Content starts
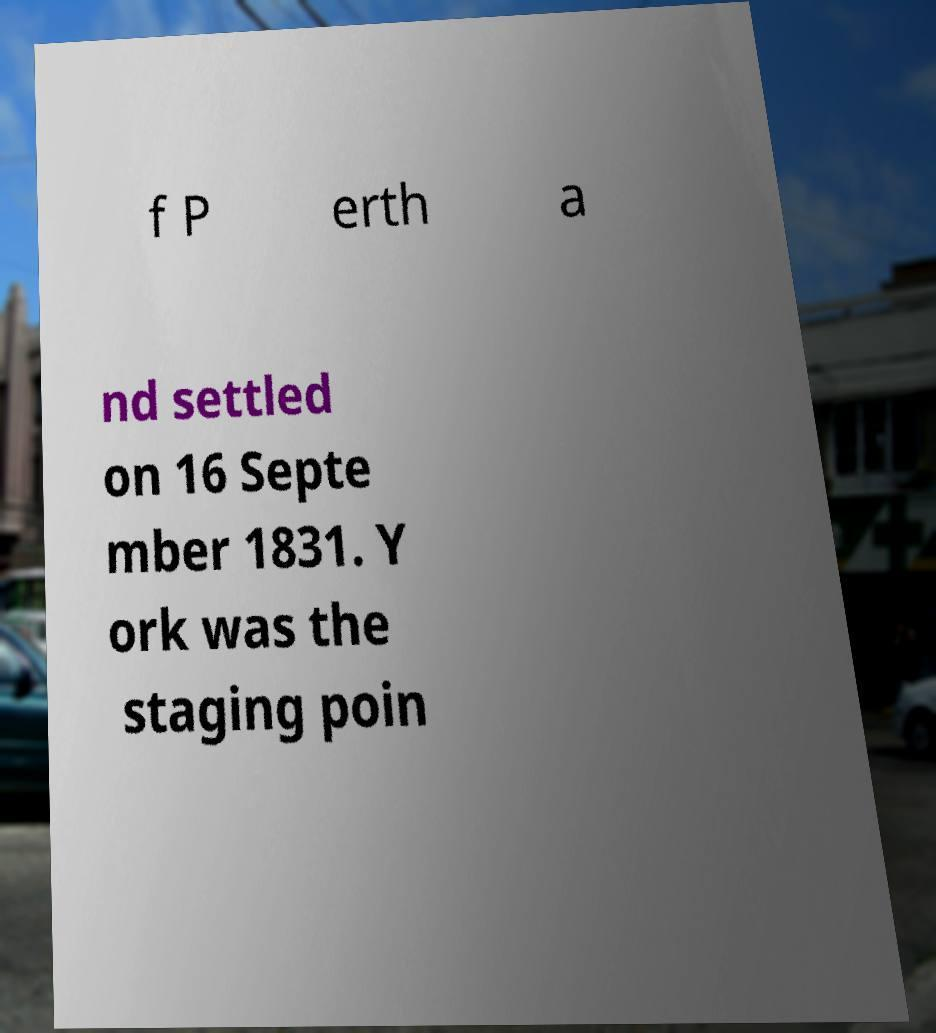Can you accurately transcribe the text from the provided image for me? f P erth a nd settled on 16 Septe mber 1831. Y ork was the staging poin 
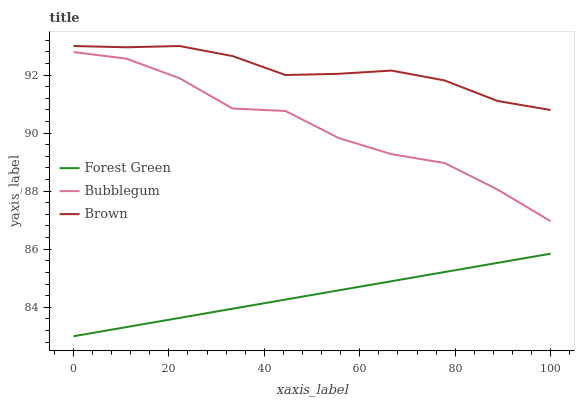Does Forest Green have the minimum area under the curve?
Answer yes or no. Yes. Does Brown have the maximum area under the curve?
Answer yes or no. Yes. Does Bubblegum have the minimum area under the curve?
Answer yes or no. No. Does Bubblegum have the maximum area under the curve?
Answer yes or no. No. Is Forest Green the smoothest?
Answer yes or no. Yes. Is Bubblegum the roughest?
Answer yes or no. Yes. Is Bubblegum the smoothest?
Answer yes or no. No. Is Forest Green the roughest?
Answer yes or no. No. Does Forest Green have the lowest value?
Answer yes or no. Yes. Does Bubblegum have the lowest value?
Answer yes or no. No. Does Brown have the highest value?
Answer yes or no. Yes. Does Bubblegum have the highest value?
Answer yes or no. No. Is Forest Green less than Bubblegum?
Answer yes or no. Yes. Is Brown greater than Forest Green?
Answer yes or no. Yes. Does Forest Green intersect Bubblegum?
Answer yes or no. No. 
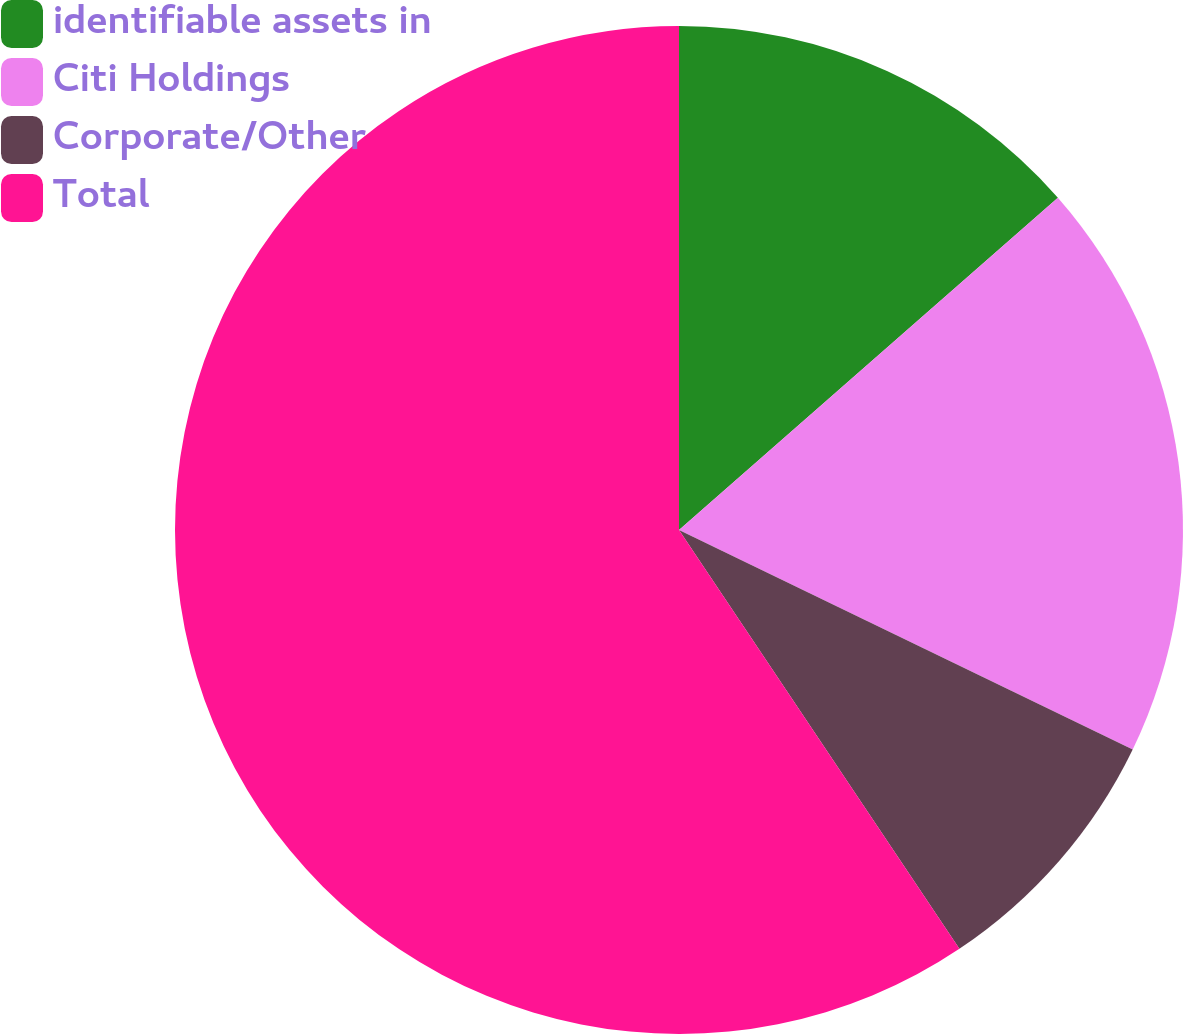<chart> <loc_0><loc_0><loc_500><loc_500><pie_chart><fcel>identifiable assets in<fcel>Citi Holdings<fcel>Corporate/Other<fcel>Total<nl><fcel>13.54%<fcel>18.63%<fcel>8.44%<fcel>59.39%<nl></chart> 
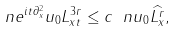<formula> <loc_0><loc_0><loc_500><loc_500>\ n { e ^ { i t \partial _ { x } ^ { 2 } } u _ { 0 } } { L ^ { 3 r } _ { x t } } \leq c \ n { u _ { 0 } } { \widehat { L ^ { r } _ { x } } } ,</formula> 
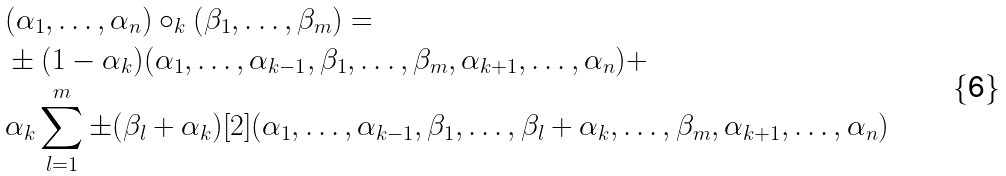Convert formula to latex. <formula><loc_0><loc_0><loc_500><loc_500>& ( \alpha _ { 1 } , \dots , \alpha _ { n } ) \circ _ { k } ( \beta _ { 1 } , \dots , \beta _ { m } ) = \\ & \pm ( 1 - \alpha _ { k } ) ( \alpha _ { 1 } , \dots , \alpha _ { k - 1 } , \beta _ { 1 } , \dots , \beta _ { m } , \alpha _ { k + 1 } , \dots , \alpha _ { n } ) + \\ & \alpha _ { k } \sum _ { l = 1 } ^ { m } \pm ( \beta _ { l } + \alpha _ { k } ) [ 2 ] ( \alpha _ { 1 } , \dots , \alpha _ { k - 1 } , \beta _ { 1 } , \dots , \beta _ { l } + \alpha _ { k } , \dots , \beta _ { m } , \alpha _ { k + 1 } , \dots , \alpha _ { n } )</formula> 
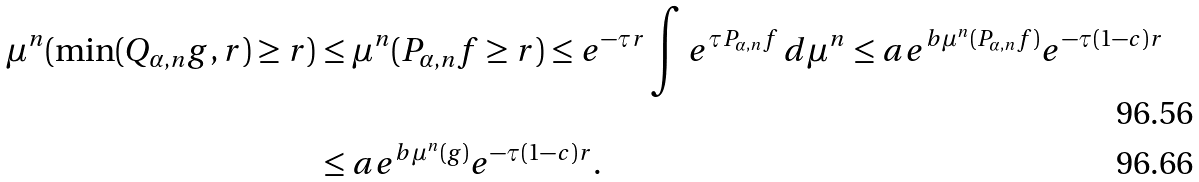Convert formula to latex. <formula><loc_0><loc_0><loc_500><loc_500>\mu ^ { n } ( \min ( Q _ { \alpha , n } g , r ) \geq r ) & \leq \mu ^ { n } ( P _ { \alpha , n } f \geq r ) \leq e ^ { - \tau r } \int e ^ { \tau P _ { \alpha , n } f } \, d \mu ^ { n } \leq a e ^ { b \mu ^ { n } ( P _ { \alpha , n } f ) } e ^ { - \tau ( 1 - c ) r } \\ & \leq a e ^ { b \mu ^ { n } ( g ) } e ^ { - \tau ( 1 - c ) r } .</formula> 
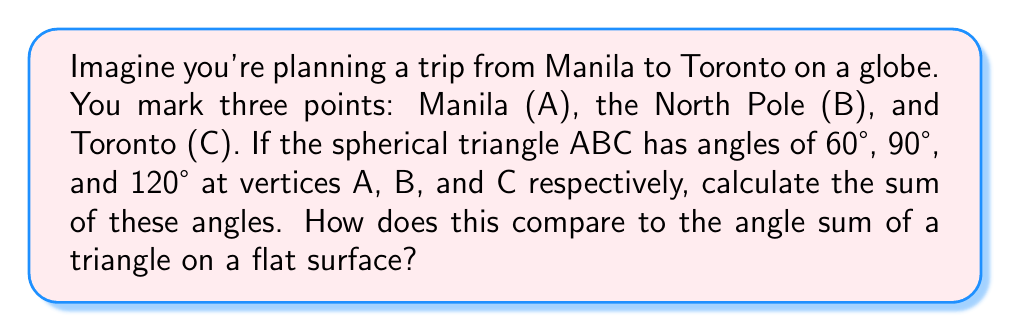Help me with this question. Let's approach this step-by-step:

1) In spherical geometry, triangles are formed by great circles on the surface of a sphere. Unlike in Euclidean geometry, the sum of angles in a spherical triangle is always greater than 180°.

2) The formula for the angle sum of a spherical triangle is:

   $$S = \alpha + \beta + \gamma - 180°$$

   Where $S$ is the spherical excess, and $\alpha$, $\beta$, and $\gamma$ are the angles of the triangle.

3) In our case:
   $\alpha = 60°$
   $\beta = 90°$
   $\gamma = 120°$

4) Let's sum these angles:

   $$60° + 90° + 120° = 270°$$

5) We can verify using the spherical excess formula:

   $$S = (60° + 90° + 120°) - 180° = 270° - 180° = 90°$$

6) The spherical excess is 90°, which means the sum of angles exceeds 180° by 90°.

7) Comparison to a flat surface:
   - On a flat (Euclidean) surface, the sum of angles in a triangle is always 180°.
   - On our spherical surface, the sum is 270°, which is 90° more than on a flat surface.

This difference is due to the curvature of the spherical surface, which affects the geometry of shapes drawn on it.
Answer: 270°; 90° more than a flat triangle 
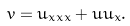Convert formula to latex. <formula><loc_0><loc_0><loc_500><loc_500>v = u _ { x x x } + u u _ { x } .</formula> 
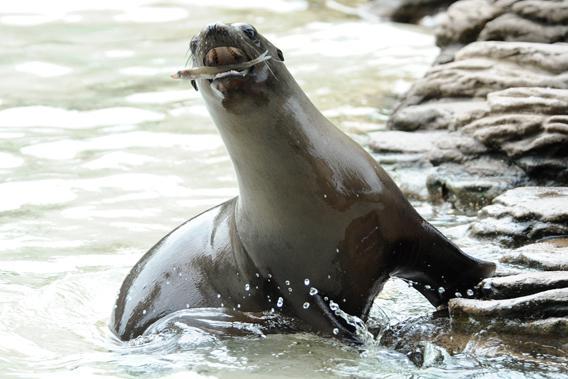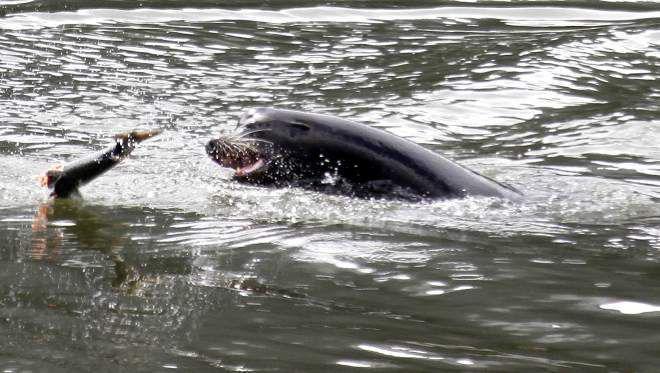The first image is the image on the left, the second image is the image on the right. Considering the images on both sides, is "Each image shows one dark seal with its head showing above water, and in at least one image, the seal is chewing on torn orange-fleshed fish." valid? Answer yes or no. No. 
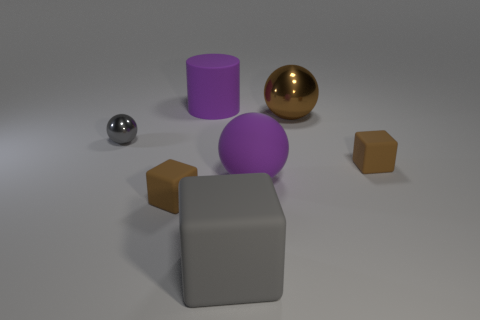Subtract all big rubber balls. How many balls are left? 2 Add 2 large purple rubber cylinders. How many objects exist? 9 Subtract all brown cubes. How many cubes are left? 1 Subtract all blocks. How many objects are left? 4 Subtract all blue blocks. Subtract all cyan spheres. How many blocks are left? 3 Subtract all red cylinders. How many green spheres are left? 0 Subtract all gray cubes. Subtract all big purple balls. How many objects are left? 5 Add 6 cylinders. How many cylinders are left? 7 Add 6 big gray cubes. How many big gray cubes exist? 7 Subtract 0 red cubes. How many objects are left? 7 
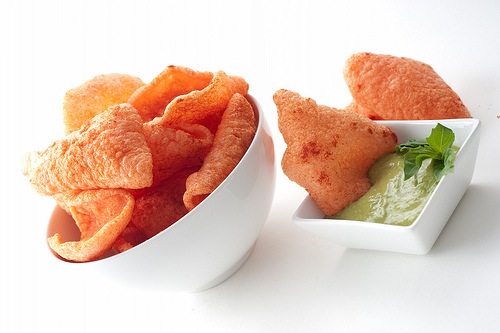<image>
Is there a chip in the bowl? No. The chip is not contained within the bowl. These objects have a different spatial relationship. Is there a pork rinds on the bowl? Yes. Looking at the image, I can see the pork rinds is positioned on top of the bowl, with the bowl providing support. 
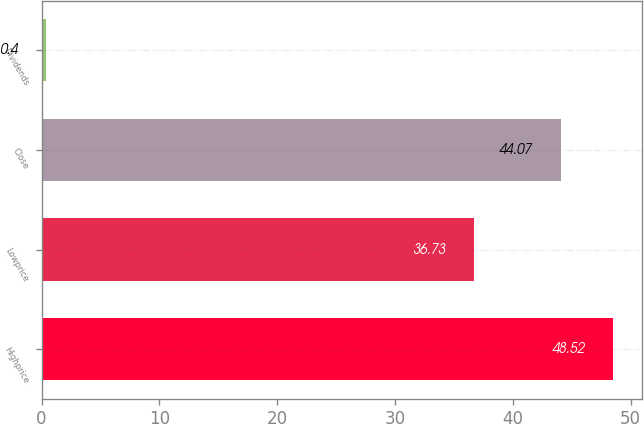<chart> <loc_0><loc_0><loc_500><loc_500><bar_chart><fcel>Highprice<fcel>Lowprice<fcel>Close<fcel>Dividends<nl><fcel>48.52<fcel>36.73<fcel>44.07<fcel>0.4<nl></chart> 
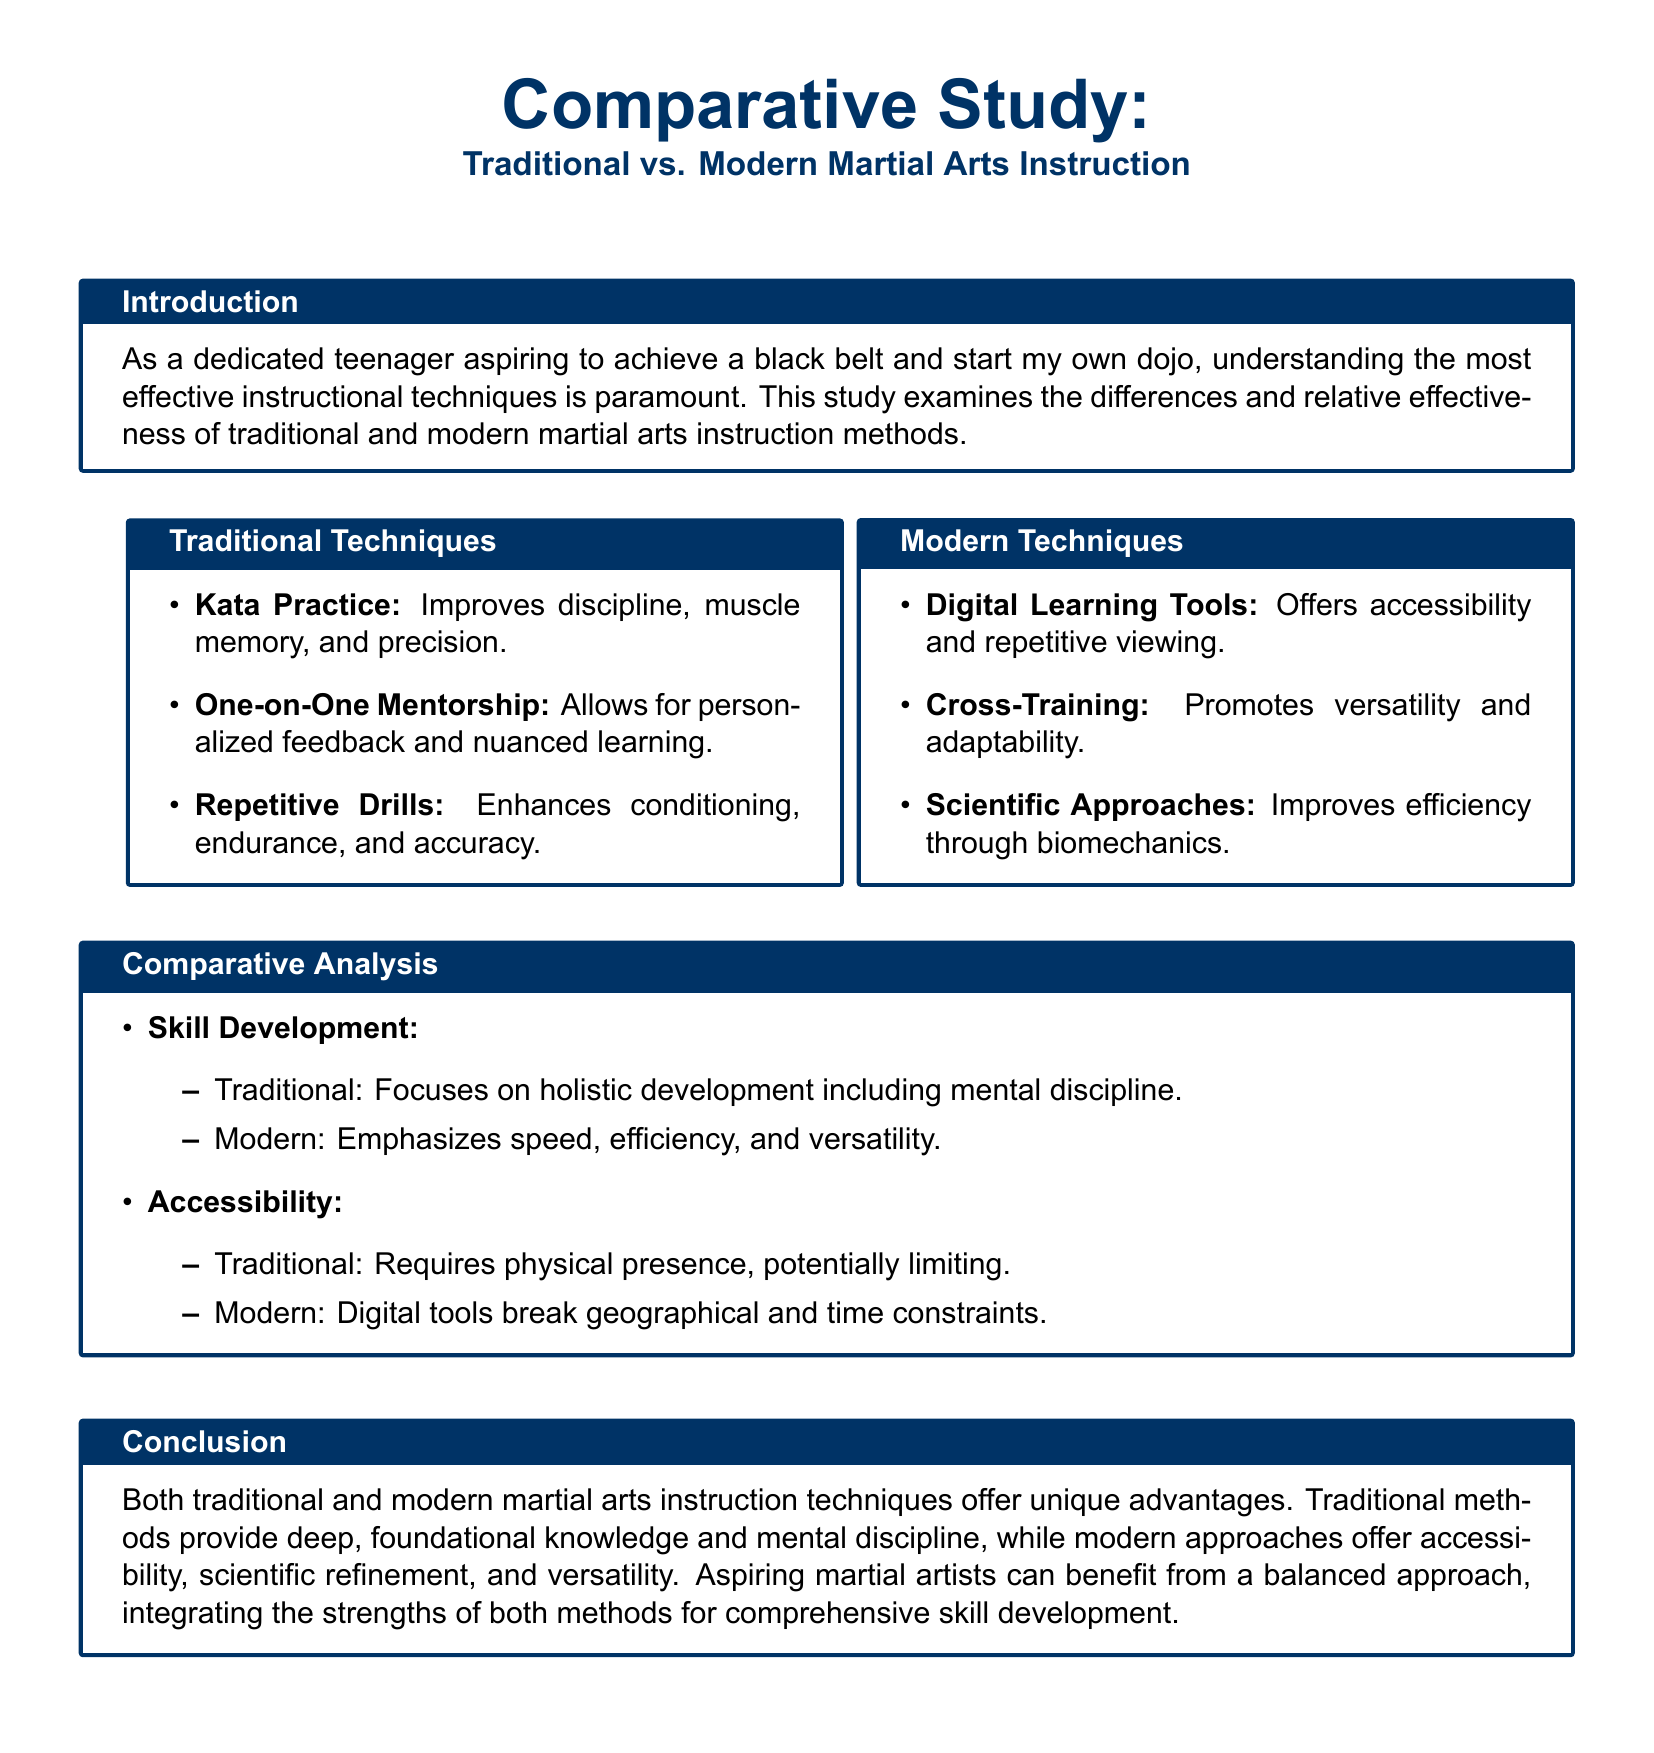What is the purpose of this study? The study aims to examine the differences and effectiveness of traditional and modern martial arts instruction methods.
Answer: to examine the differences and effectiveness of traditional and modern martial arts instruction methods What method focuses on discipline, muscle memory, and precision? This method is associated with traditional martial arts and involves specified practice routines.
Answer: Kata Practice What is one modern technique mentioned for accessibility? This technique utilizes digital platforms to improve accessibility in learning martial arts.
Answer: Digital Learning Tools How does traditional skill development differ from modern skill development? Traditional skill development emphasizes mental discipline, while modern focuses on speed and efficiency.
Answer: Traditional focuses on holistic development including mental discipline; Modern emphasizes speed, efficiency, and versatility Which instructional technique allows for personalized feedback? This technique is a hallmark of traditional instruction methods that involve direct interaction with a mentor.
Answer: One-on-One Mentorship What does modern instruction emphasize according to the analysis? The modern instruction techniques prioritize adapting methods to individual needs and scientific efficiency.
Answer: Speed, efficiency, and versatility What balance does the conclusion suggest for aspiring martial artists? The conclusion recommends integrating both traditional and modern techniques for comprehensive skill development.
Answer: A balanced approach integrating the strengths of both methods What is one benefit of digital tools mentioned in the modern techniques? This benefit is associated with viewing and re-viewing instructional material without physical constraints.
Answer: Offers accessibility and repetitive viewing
Content ends
**Activity**.
From the entries above, write out only the lines starting at the line that holds "Answer: Digital Learning" and ending at the line that holds "Answer: One-on-One Mentorship", keeping both and matching them exactly.

**The answer**.
Answer: Digital Learning Tools How does traditional skill development differ from modern skill development? Traditional skill development emphasizes mental discipline, while modern focuses on speed and efficiency.
Answer: Traditional focuses on holistic development including mental discipline; Modern emphasizes speed, efficiency, and versatility Which instructional technique allows for personalized feedback? This technique is a hallmark of traditional instruction methods that involve direct interaction with a mentor.
Answer: One-on-One Mentorship What does modern instruction emphasize according to the analysis? The modern instruction techniques prioritize adapting methods to individual needs and scientific efficiency.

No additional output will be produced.